*** Record excerpts ***

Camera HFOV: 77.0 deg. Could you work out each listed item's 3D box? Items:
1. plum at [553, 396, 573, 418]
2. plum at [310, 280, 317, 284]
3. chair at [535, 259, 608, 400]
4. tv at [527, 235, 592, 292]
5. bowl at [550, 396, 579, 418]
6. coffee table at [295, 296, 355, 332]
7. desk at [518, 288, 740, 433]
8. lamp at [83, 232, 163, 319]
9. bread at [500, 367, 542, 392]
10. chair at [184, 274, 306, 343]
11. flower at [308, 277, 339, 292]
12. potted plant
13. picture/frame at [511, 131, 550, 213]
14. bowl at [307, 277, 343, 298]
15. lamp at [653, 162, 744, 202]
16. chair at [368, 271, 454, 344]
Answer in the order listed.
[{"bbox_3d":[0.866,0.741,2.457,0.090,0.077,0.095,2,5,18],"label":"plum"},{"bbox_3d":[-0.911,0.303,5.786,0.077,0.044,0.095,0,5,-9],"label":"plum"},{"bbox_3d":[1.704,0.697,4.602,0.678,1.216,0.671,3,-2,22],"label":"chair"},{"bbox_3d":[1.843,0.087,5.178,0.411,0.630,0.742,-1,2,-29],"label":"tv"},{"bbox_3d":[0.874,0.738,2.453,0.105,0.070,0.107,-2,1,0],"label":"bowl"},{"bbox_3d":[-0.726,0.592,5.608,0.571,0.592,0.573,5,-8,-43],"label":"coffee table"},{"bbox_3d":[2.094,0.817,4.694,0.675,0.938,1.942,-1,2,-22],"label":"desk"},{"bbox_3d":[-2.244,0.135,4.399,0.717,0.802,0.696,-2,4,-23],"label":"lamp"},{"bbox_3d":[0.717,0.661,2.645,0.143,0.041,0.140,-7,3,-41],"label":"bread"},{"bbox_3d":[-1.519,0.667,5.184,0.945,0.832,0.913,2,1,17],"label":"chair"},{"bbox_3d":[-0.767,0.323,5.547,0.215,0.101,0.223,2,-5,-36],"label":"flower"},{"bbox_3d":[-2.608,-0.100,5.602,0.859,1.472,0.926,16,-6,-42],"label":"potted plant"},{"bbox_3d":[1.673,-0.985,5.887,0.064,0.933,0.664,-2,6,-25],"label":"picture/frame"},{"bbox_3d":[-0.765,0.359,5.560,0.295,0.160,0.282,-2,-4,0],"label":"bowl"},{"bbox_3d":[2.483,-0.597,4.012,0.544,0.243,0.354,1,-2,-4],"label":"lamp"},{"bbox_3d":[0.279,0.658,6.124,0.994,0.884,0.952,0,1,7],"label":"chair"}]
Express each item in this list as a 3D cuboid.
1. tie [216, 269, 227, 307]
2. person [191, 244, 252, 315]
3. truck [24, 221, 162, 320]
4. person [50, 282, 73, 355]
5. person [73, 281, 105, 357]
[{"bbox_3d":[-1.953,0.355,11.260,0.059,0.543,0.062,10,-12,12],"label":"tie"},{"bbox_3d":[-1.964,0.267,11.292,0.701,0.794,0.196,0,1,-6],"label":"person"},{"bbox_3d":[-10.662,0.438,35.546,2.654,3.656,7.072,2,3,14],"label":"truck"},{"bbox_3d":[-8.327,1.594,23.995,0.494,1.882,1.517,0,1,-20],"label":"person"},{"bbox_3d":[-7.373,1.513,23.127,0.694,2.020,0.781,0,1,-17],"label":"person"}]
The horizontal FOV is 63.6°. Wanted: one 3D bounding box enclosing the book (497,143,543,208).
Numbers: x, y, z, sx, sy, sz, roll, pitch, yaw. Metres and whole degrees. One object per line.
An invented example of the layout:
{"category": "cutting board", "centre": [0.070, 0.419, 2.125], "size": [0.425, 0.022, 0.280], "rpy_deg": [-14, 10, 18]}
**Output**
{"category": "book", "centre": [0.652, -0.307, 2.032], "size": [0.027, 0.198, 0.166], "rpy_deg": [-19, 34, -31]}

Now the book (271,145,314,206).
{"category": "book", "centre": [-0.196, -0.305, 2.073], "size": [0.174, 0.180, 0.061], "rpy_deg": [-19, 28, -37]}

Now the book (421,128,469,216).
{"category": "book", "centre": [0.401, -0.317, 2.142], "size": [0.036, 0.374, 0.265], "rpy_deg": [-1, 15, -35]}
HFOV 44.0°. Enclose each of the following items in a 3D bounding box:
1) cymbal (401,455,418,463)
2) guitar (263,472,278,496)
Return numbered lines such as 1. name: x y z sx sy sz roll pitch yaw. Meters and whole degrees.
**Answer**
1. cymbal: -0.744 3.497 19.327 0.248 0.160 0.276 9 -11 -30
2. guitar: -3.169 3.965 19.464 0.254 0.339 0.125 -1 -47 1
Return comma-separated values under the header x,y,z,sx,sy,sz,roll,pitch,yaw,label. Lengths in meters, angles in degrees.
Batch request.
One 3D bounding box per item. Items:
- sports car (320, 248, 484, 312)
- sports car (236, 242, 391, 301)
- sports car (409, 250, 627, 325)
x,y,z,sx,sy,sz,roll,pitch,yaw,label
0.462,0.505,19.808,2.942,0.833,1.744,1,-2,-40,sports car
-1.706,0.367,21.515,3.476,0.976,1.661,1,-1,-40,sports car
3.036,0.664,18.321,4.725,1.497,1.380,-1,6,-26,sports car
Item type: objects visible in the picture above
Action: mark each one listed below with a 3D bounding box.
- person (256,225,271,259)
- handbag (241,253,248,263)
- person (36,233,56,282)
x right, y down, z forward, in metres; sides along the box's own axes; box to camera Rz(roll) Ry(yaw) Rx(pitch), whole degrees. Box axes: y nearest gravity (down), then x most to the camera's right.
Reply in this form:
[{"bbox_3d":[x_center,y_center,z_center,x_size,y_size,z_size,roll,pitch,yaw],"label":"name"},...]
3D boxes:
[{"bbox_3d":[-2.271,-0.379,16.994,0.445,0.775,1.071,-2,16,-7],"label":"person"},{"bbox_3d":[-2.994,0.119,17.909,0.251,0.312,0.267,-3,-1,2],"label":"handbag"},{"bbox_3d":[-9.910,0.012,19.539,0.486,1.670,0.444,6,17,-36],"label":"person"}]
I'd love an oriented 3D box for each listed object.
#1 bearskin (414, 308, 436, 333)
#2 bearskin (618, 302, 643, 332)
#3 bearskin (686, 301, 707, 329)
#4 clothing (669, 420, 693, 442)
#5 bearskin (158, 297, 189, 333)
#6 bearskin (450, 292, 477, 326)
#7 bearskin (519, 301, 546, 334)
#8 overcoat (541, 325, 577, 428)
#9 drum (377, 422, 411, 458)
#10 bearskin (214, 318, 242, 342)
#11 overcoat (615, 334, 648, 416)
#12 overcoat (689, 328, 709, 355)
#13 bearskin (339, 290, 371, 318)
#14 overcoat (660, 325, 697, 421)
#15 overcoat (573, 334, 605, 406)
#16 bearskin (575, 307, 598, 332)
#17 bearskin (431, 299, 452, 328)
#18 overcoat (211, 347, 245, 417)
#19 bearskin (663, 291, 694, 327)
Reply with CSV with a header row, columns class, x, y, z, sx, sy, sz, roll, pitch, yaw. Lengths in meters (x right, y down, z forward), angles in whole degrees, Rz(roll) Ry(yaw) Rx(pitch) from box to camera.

***

Print, from the entries above, the line with "3. truck [24, 221, 162, 320]", the line with "Numbers: x, y, z, sx, sy, sz, roll, pitch, yaw." and all lines between them, exactly and with nothing else.

> _Written answer_
3. truck [24, 221, 162, 320]
4. person [50, 282, 73, 355]
5. person [73, 281, 105, 357]
[{"bbox_3d":[-1.953,0.355,11.260,0.059,0.543,0.062,10,-12,12],"label":"tie"},{"bbox_3d":[-1.964,0.267,11.292,0.701,0.794,0.196,0,1,-6],"label":"person"},{"bbox_3d":[-10.662,0.438,35.546,2.654,3.656,7.072,2,3,14],"label":"truck"},{"bbox_3d":[-8.327,1.594,23.995,0.494,1.882,1.517,0,1,-20],"label":"person"},{"bbox_3d":[-7.373,1.513,23.127,0.694,2.020,0.781,0,1,-17],"label":"person"}]
The horizontal FOV is 63.6°. Wanted: one 3D bounding box enclosing the book (497,143,543,208).
Numbers: x, y, z, sx, sy, sz, roll, pitch, yaw. Metres and whole degrees. One object per line.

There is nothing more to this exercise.